Liu studies the energy waves caused by the sudden breaking of rock within the earth’s crust and mantle, which are recorded on seismographs. Shear wave splitting occurs when a polarized shear wave enters an anisotropic medium. Shear wave splitting is used to test the anisotropy of an area and can lead to a better understanding of the area’s deformation history and the orientation of flow in the earth’s mantle.

“Shear wave splitting analysis is one of the most effective tools to investigate plate motion,” says Liu. “But in spite of years-worth of studies, some fundamental issues related to how natural hazards such as earthquakes can occur on the earth are still poorly understood. The identification of multiple layers of seismic anisotropy can significantly improve our understanding of the “engine” of the deformation that is directly related to the occurrence of natural hazards.”

Liu’s research focuses on analyzing wave data from 1980 to present. She says that previous shear wave splitting studies were mostly conducted under the assumption that there is only one layer of anisotropy.

“The recent dramatic increase in the number of seismic stations and recorded earthquakes suggests that the actual situation is more complicated than this single-layer assumption,” says Liu. “This project will develop and test a set of sophisticated tools to systematically investigate complex anisotropy on a global scale, for the purpose of providing constraints on a number of hypotheses related to plate dynamics and plate motion.”

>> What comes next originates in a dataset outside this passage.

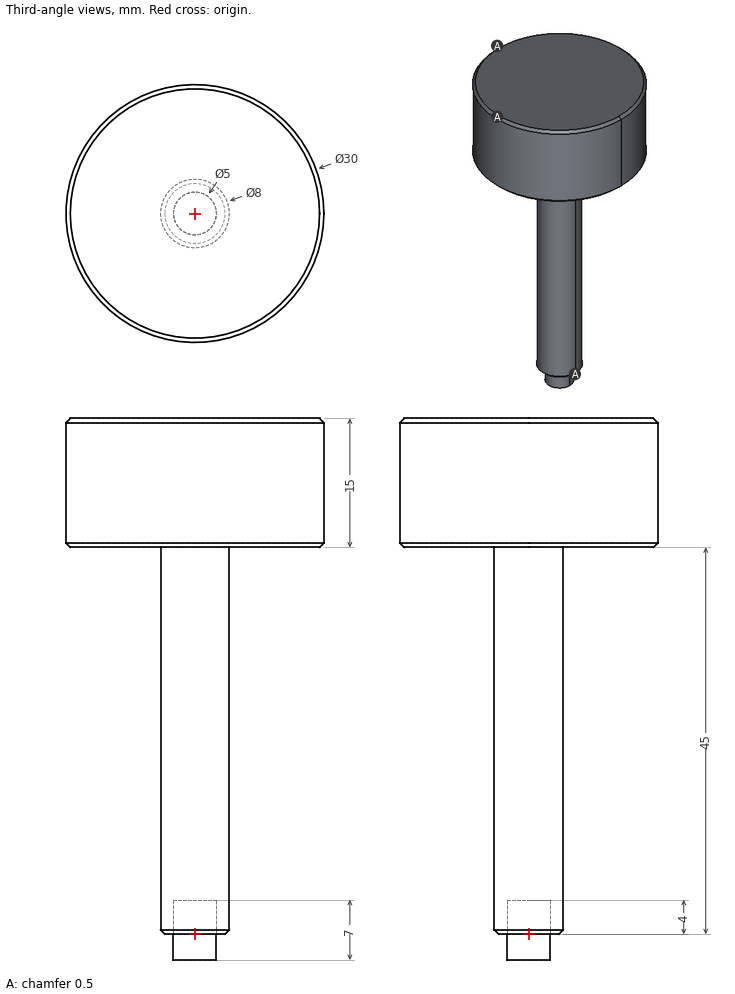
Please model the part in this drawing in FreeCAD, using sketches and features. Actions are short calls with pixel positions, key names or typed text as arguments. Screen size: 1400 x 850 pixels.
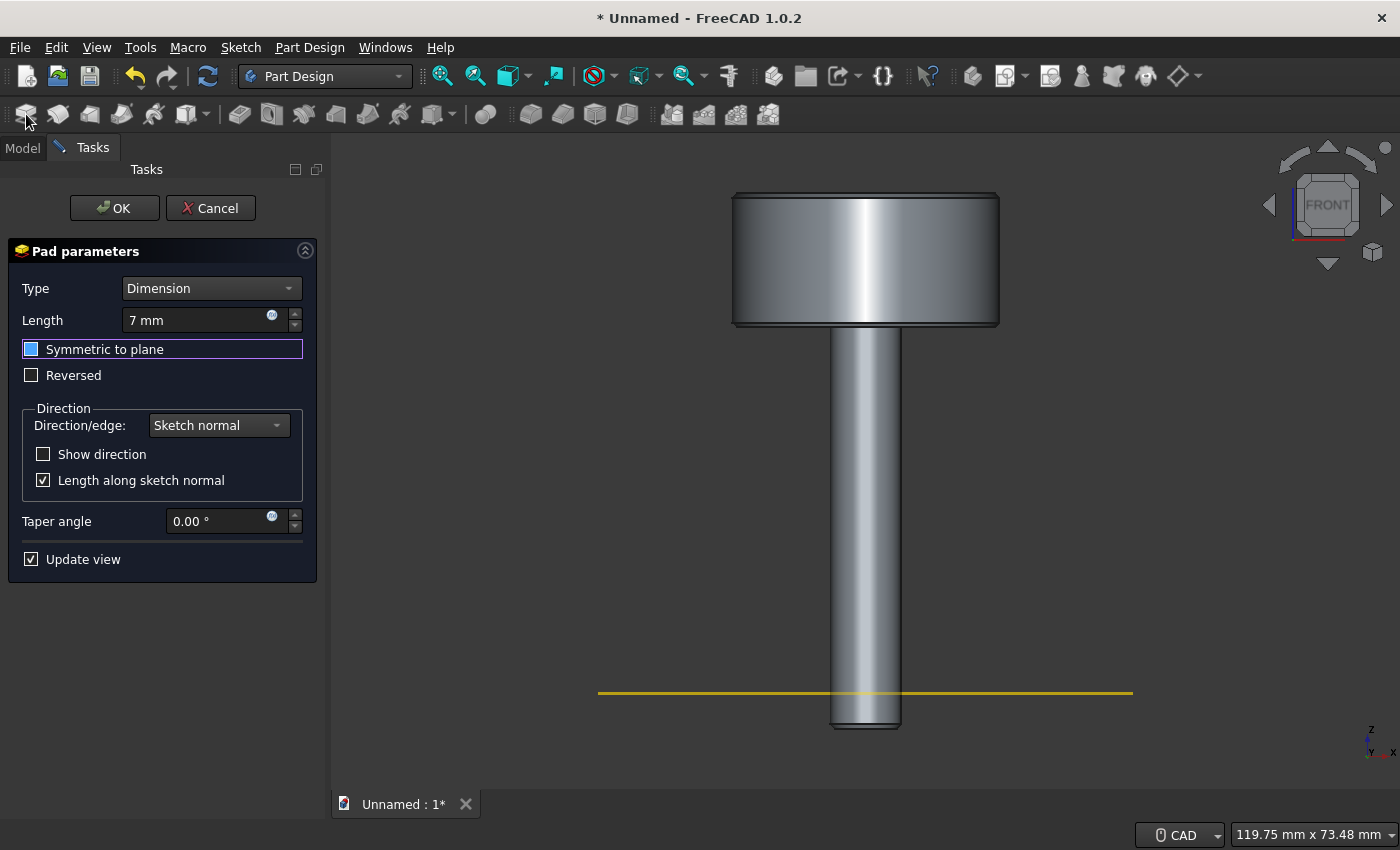
click(30, 375)
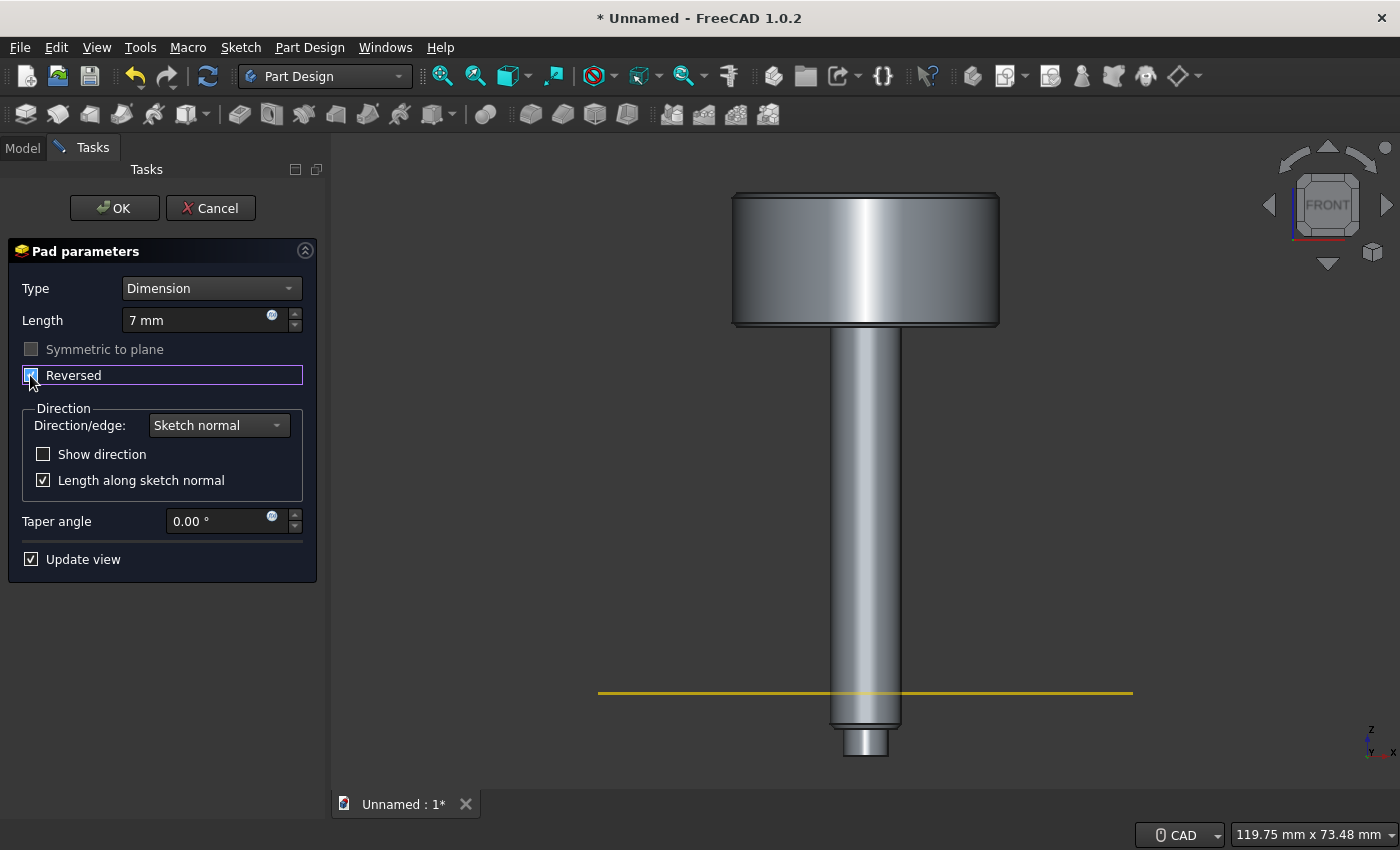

The research project aims to increase both safety and preparedness for these natural disasters.

“Obviously, the processes leading to tsunamis, earthquakes and volcanic activity happen deep in the earth’s interior and cannot be directly observed,” says Liu. “Indirect tools, such as relying on computer analyses of a large amount of geophysical data collected at the earth’s surface, are essential for accurate and useful predictions.”

Liu is collaborating with Dr. Stephen Gao, Curators’ Distinguished Teaching Professor of geology and geophysics at Missouri S&T, on the research titled “Investigating the Pervasiveness of Complex Seismic Anisotropy and Its Origin beneath Continents.” It is funded by the National Science Foundation Geophysics Program.